Benefits of authority control[]

  • Better researching. Authority control helps researchers get a handle on a specific subject with less wasted effort.[3] It enables a catalog to be set up so that, with some applications, typing in a few words of an entry will bring up the already established term or phrase, thus improving accuracy and saving time.[8]
  • Makes searching more predictable.[9] It can be used in conjunction with keyword searching using "and" or "not" or "or" or other Boolean operators on a web browser.[4] It increases chances that a given search will return all relevant items.[8]
  • Consistency of records.[10][11][12]
  • Organization and structure of information.[3]
  • Efficiency for cataloguers. The process of authority control is not only of great help to researchers searching for a particular subject to study, but it can help cataloguers organize information as well. Cataloguers can use authority records when trying to categorize new items, since they can see which records have already been catalogued and can therefore avoid unnecessary work.[3][4]
  • Maximises library resources.[3]
  • Easier to maintain the catalog. It enables cataloguers to detect and correct errors. In some instances, software programs support workers tasked with maintaining the catalog to do ongoing tasks such as automated clean-up.[13] It helps creators and users of metadata.[8]
  • Fewer errors. It can help catch errors caused by typos or misspellings which can sometimes accumulate over time, sometimes known as quality drift. For example, machines can catch misspellings such as "Elementary school techers" and "Pumpkilns" which can then be corrected by library staff.[5]

Examples[]

Differing names describe the same subject[]

Sometimes within a catalog there are different names or spellings for only one person or subject.[3][9] This can bring confusion since researchers may miss some information. Authority control is used by cataloguers to collocate materials that logically belong together but which present themselves differently. Records are used to establish uniform titles which collocate all versions of a given work under one unique heading even when such versions are issued under different titles. With authority control, one unique preferred name represents all variations and will include different variations, spellings and misspellings, uppercase versus lowercase variants, differing dates, and so forth. For example, in Wikipedia, the subject of Princess Diana is described by an article Diana, Princess of Wales as well as numerous other descriptors, but both Princess Diana and Diana, Princess of Wales describe the same person; an authority record would choose one title as the preferred one for consistency. In an online library catalog, various entries might look like the following:[2]

  1. Diana. (1)
  2. Diana, Princess of Wales. (1)
  3. Diana, Princess of Wales, 1961- (13)
  4. Diana, Princess of Wales 1961- (1)
  5. Diana, Princess of Wales, 1961- (2)
  6. DIANA, PRINCESS OF WALES, 1961-1997. (1)
  7. Diana, Princess of Wales, -- Iconography. (2)[2]
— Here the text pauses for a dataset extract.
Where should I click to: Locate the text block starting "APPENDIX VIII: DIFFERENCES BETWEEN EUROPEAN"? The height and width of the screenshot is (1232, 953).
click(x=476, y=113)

These different terms describe the same person. Accordingly, authority control reduces these entries to one unique entry or official authorized heading, sometimes termed an access point:

Diana, Princess of Wales, 1961-[2]

Same name describes two different subjects[]

Sometimes two different authors have been published under the same name.[3] This can happen if there is a title which is identical to another title or to a collective uniform title.[3] This, too, can cause confusion. Different authors can be distinguished correctly from each other by, for example, adding a middle initial to one of the names; in addition, other information can be added to one entry to clarify the subject, such as birth year, death year, range of active years such as 1918-1965 when the person flourished, or a brief descriptive epithet. When cataloguers come across different subjects with similar or identical headings, they can disambiguate them using authority control.
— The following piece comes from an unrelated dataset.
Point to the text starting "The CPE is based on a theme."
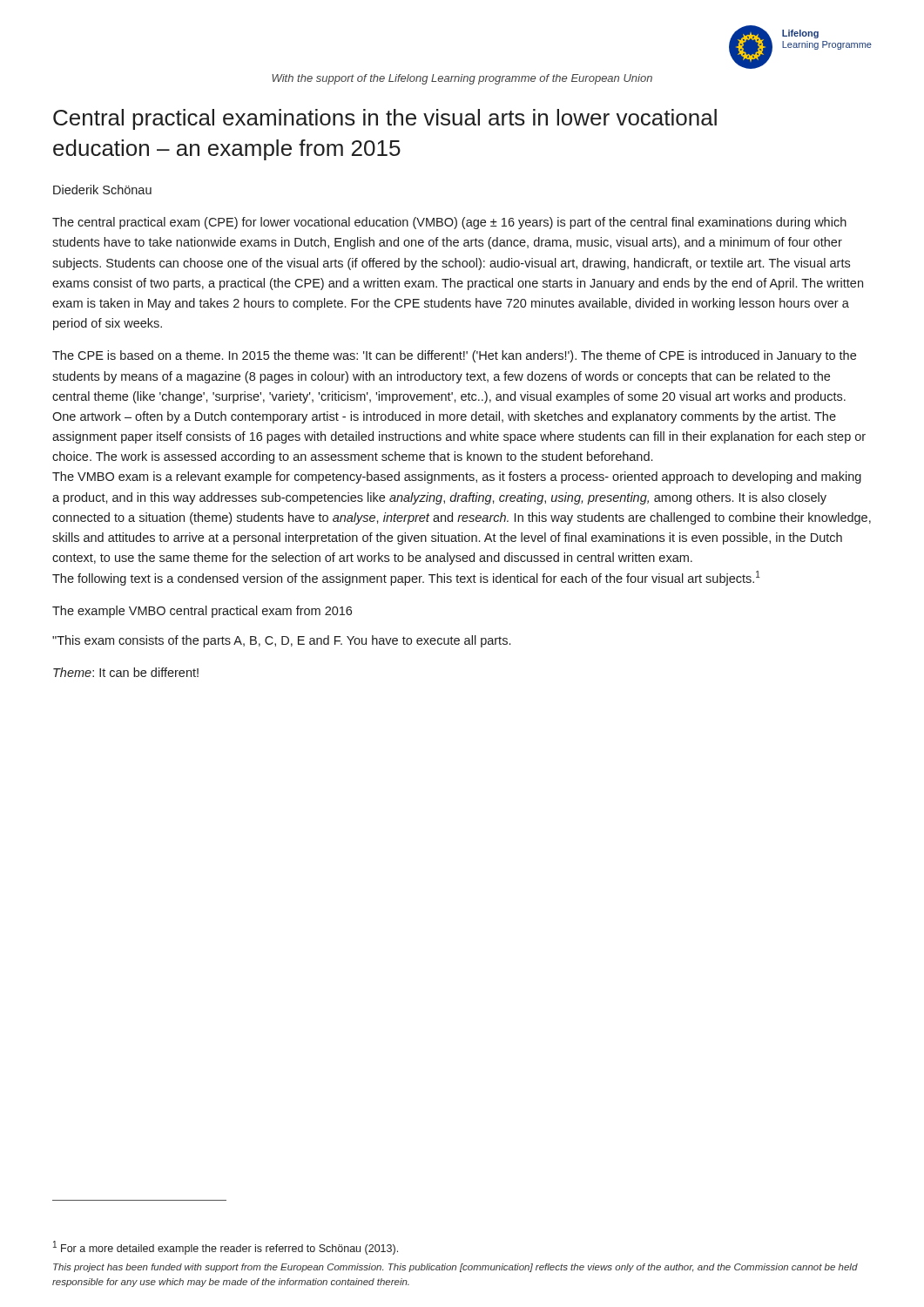 pyautogui.click(x=462, y=467)

Authority records and files[]

A customary way of enforcing authority control in a bibliographic catalog is to set up a separate index of authority records, which relates to and governs the headings used in the main catalog. This separate index is often referred to as an "authority file." It contains an indexable record of all decisions made by cataloguers in a given library (or — as is increasingly the case — cataloguing consortium), which cataloguers consult when making, or revising, decisions about headings. As a result, the records contain documentation about sources used to establish a particular preferred heading, and may contain information discovered while researching the heading which may be useful.[13]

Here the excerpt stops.